— А ты?
— А я за рулем.
Странным образом мои мечты исполнились. Не дословно, но все-таки. Помню, что проснулся в восемь. Катя спала спиной ко мне, под отдельным одеялом в глухой пижаме, пуленепробиваемой на вид. На самом краю, чтоб, не дай бог, ничем не прикоснуться. Нам показалось вечером, что провести ночь в разных концах одной кровати — мудрое решение. Если никому не говорить, то никому объяснять не придется, что не было сил ни на поползновения, ни даже на фантазии.
Но утром аж волосы зашевелились от счастья. Она рядом. Конечно, никаких попыток. Разве что захотелось тихо-тихо поднять край одеяла и поцеловать ее куда-нибудь в пятку. От одной мысли сердце замерло. Так и не решился. Трус. Жалею теперь.
В Зальцбурге мы провели весь день и следующую ночь. Катя сказала, что обязательно хочет доехать целенькой до дома. Для этого мне надо отдохнуть. А ей — погулять. Что касается достопримечательностей, у торта «Захер» очень точное название. За такие-то деньги.
Помню белокурую официантку, которая не понимала моего английского, но моргала очень сексуально. Удивительно, как некоторые женщины даже незнание языков превращают в технику совращения. Все уловки датского порно бессильны перед морганием той официантки. Я поговорил с ней по-латышски, на удачу. Она решила, я говорю на языке сердитых птиц. Стала щебетать в ответ и присвистывать с переливами. Очень красиво, но непонятно.
— Она говорит на голландском. Она не понимает твоего английского, — сказала Катя и взяла дипломатические труды на себя. Как-то они друг дружку поняли. Красивые девчонки удивительно легко сходятся.
Оказалось, я произношу неверно даже «мартини», «кампари» и «томатоз энд потэтоуз». Мой школьный педагог по английскому Галина Юрьевна привила мне особый, воронежский акцент. Из всех англоговорящих людей только она меня и понимала.
— Официантку зовут Линда, она работает первый день и очень волнуется, — сказала Катя.

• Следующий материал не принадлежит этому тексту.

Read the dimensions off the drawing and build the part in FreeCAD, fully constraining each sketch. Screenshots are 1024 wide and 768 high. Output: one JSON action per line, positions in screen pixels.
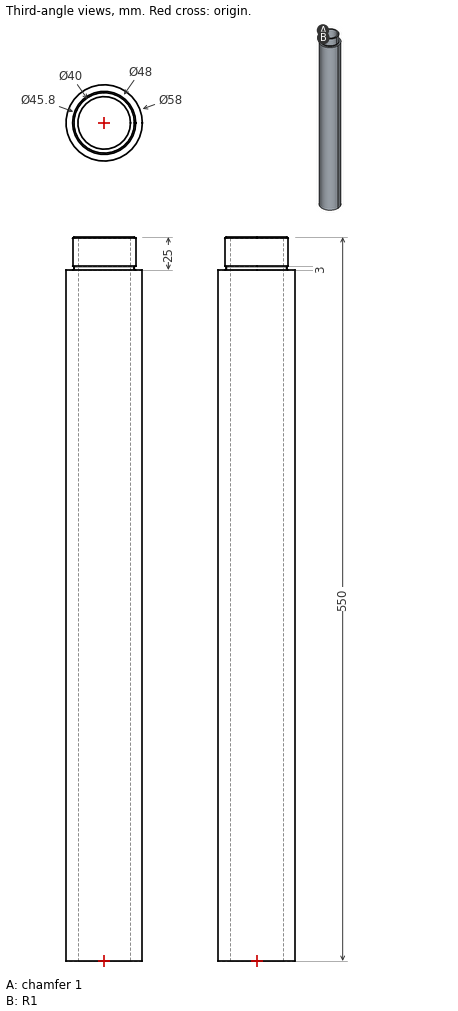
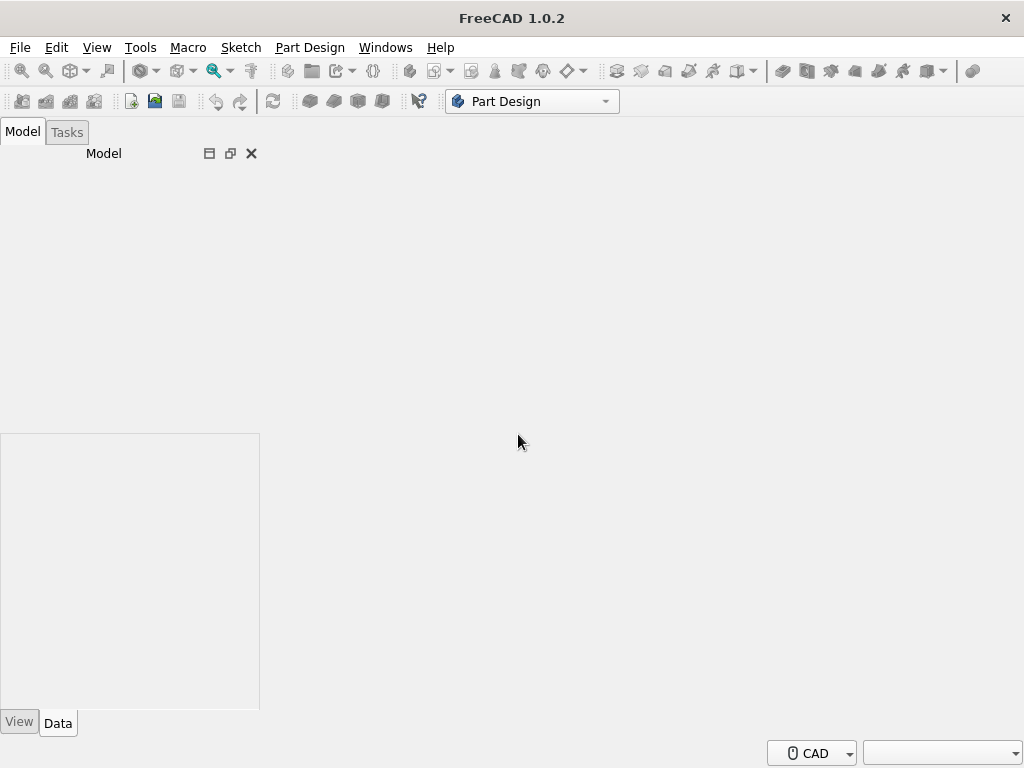
{"action": "left_click", "coordinate": [132, 102]}

Ресторан оказался гастрономическим. Повар по фамилии Мюллер исповедует неопластицизм с характерным для кубизма отторжением фигуративных элементов. Мы видели, как выносят пасту — на трех тарелках, символизирующих ин, ян и хрен. Из макаронной волны, будто морской дракон, вздымается лобстер.

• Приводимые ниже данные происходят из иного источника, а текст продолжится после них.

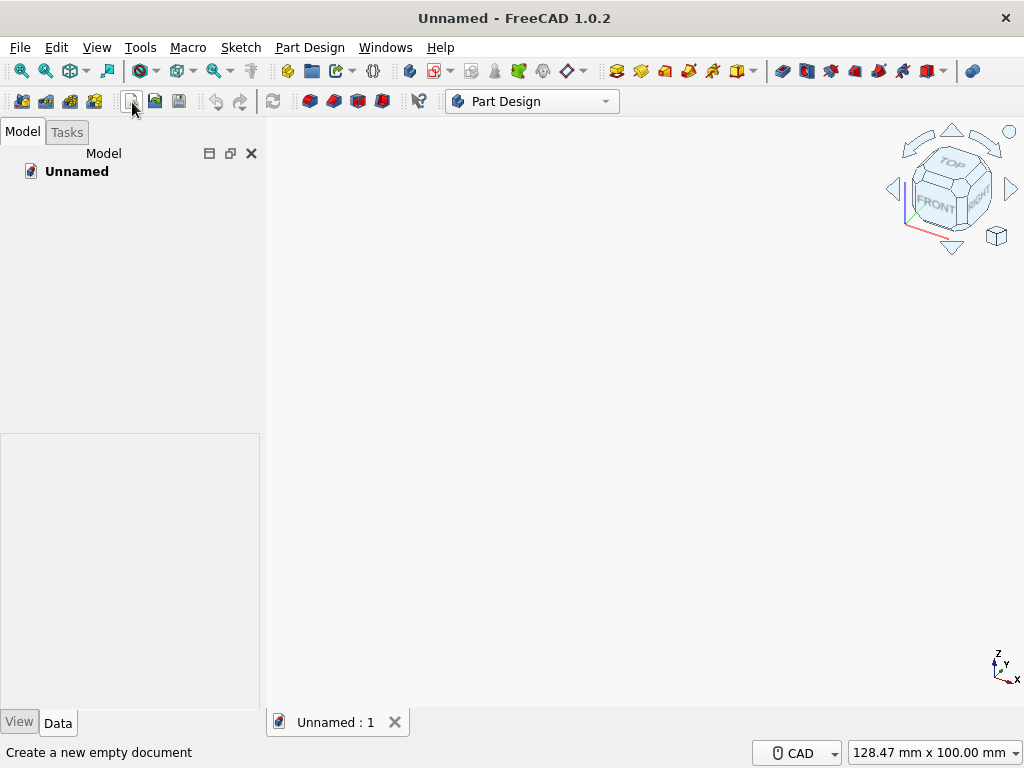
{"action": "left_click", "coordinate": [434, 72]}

Меню на немецком, но это не важно. Мы перевели названия с помощью интернета. Стало ясно, повар страдает галлюцинациями. Я выбрал блюдо наугад, номер двенадцать. Нам вынесли двенадцать супов в двенадцати бокалах. Пришел лично Мюллер и на медленном английском жалел, что нас с Катей только двое, потому что это супы для диспута. Нужно пробовать их и обсуждать в большой компании. Я решился макнуть язык в три бокала. В них оказались, по очереди: креветки в какао, тыква в малине и свекла с уксусом и вишней. После третьего бокала аппетит меня покинул. Креветки пахли, будто покинули море пару лет назад и с тех пор валялись в теплом месте. Их дух напомнил традицию колымских зеков приманивать медведей несвежей рыбой. Косолапый идет на аромат, зеки ловят его и жрут самого. Я рассказал эту историю, Катя поддержала диспут интересным предположением. Она считает, в другие дни блюдо номер двенадцать — это обычные сосиски. Но сегодня у Мюллера взорвался холодильник, и все в нем перемешалось. На верхних полках образовались как бы салаты. А в поддон стекли будто бы супы.